The idea of Shifting Baseline first appeared in a landscape architect's, Ian McHarg, publication 'Design with Nature' in 1969 when he was comparing modern landscapes with that in which ancient people used to live. Shifting Baseline Syndrome was then coined by a marine biologist called Daniel Pauly in 1995 when writing about the fact that fisheries management scientist tended to use the population size of fish populations at the beginning of their careers as the baseline for stock management rather than at its untouched state as the baseline for stock management. This meant that inaccurate advice was then being provided as the baseline was much lower then it should actually be.
However, this is not just confined to fisheries management but is actually a common problem when it comes to how people view the natural world around them. As we believe that what we remember from our childhood is when nature was at its normal, most natural state, we pay little attention to what we perceive as a slight loss unaware that it was already depleted in the first place. This new level of depleted wildness then becomes the new baseline for the next generation. A good example of this is the lost of a rare species. When they go extinct it is taken as a sad but unsurprising loss, the population size was after all already small. However, they are forgetting that the population size of many of these species actually used to be quite large, but declining with each generation. This decline was so gradual that we basically sleepwalked into the situation.

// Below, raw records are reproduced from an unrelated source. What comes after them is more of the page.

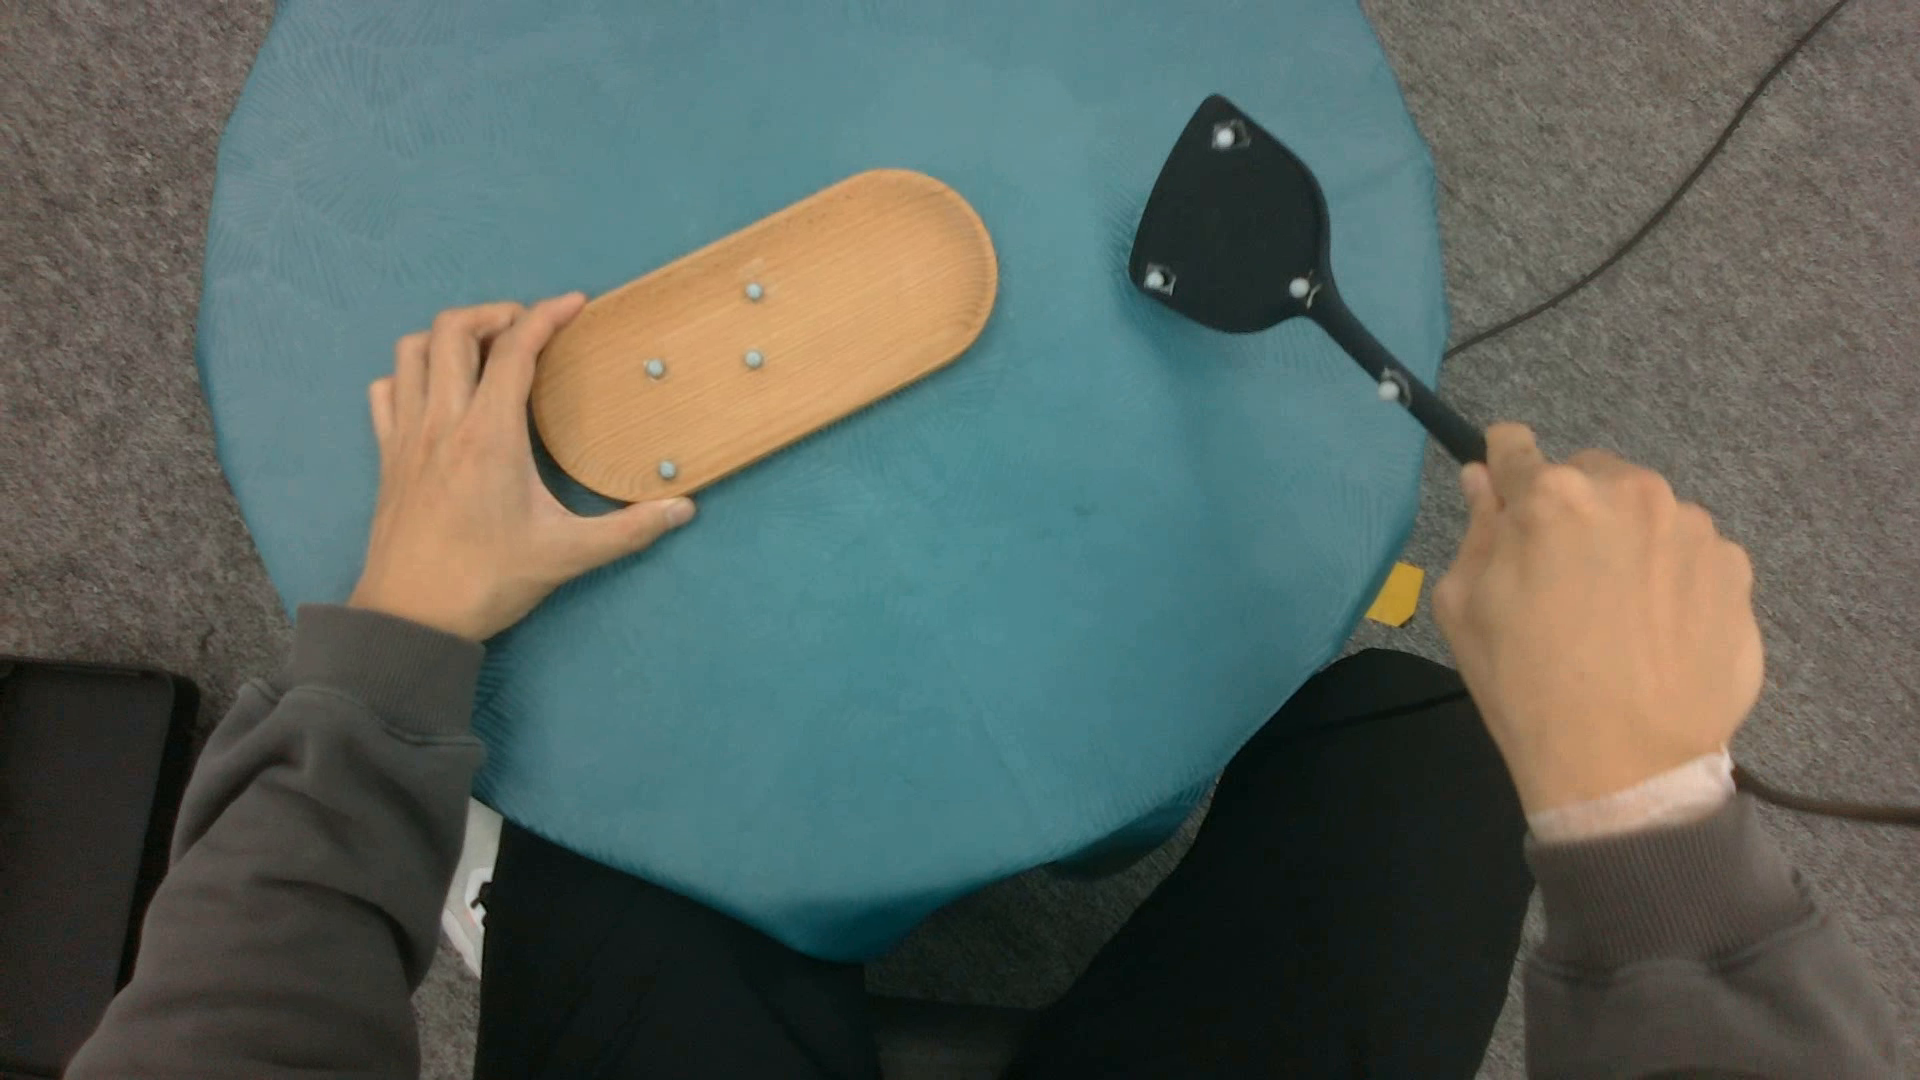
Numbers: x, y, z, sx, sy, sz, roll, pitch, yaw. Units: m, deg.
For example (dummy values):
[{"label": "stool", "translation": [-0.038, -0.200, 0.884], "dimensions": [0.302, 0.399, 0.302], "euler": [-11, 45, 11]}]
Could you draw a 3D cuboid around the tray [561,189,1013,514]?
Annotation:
[{"label": "tray", "translation": [-0.082, -0.092, 0.671], "dimensions": [0.231, 0.020, 0.102], "euler": [-27, 84, -7]}]

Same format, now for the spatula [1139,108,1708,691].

This concept is now being increasingly recognised as one of the fundamental obstacles faced by conservation organisations when trying to address the wide range of global environmental issues we face today. Trying to get individuals to care about an issue when they only see a relatively minor change is difficult and education is greatly needed to help people see just how far the baseline has shifted, even within a few generations. Then we can have a more realistic eye opening conversation about the problems we're facing and the actions we need to take to solve them.
Don't get me wrong, I still find the stark Scottish scenery beautiful, but this beauty is tempered by the fact that I know I should also being seeing large woodlands in that scenery. And I have to admit, in my eyes at least, it would be all the more beautiful for it.